GoogleCloudPlatform / DataflowTemplates

Cloud Dataflow Google-provided templates for solving in-Cloud data tasks
https://cloud.google.com/dataflow/docs/guides/templates/provided-templates
Apache License 2.0
1.14k stars 949 forks source link

[Bug]: Dates being inserted incorrectly #1345

Open jhendricks-elevate opened 6 months ago

jhendricks-elevate commented 6 months ago

Related Template(s)

Datastream to BigQuery

Template Version

2024-02-14-00_rc00

What happened?

Date fields should insert correctly from GCS into BigQuery. They have until recently.

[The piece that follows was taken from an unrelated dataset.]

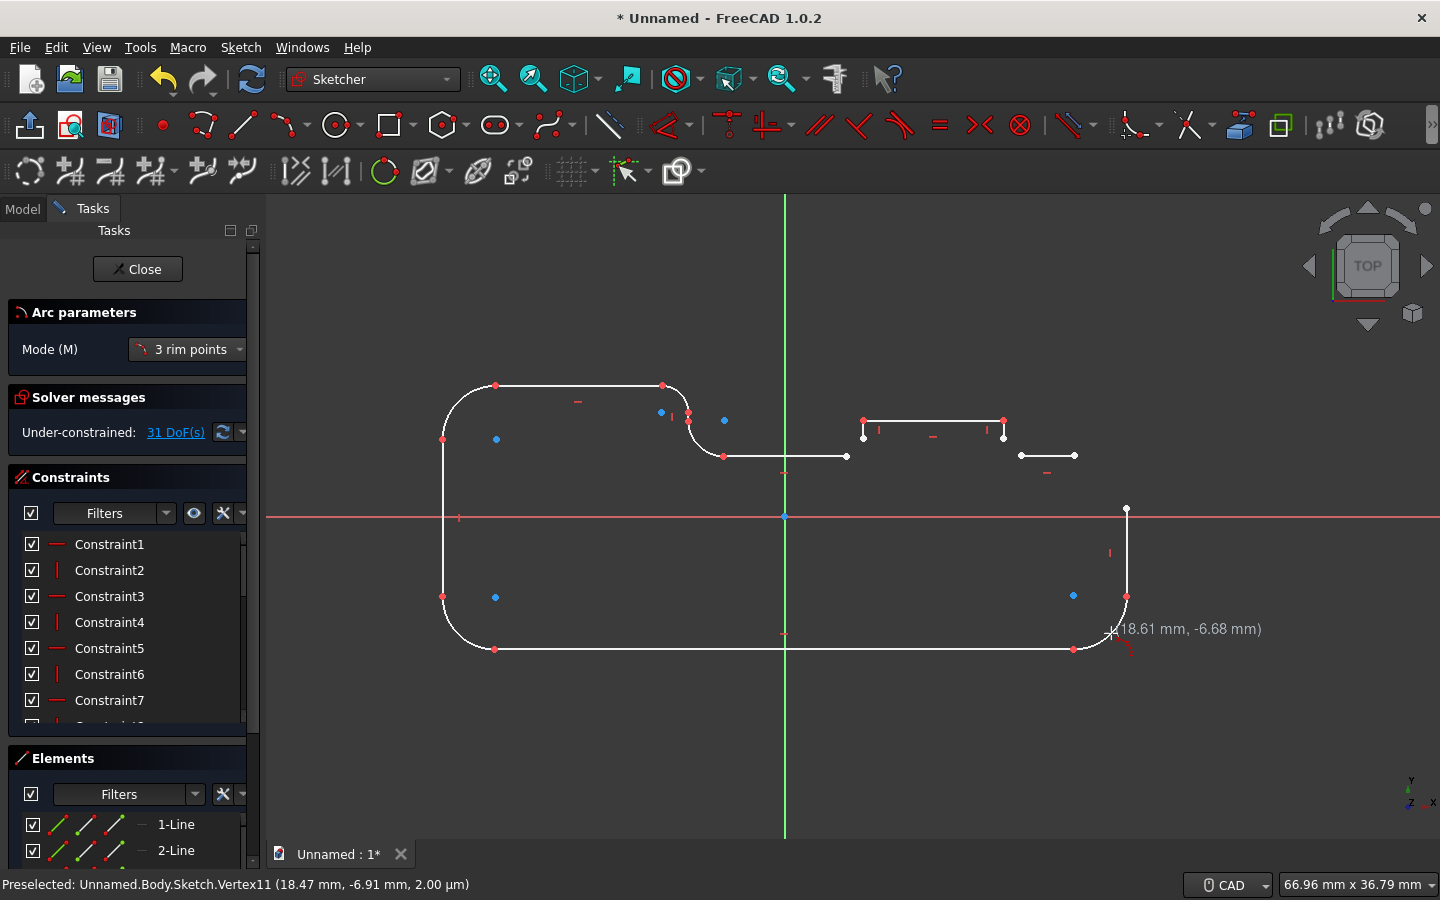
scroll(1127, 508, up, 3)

Instead I'm seeing this in my DLQ/retry "error_message":{"errors":[{"debugInfo":"","location":"estimated_delivery_date","message":"Invalid date: '2023-07-26Z'","reason":"invalid"}],"index":0}}

When I look at what datastream is putting into the GCS bucket, "ESTIMATED_DELIVERY_DATE":"2023-07-26T00:00:00.000Z".

This started a month ago. It keeps happening randomly to other dates. i did start a thread here: https://www.reddit.com/r/googlecloud/comments/198l343/dataflow_changing_date_format_causing/

One of the projects this is happening on is gcp-elevate-prod-us-east1

Relevant log output

No response

csoare7 commented 5 months ago

I'm having a slightly similar but related issue. Datastream service dumps data in GCS in format 2024-02-29T14:18:14.159Z while the Dataflow template seems to truncate the timestamp in BQ, ending up as 2024-02-29T14:18:14.

I am running Apache Beam SDK for Java 2.46.0, which is a bit old.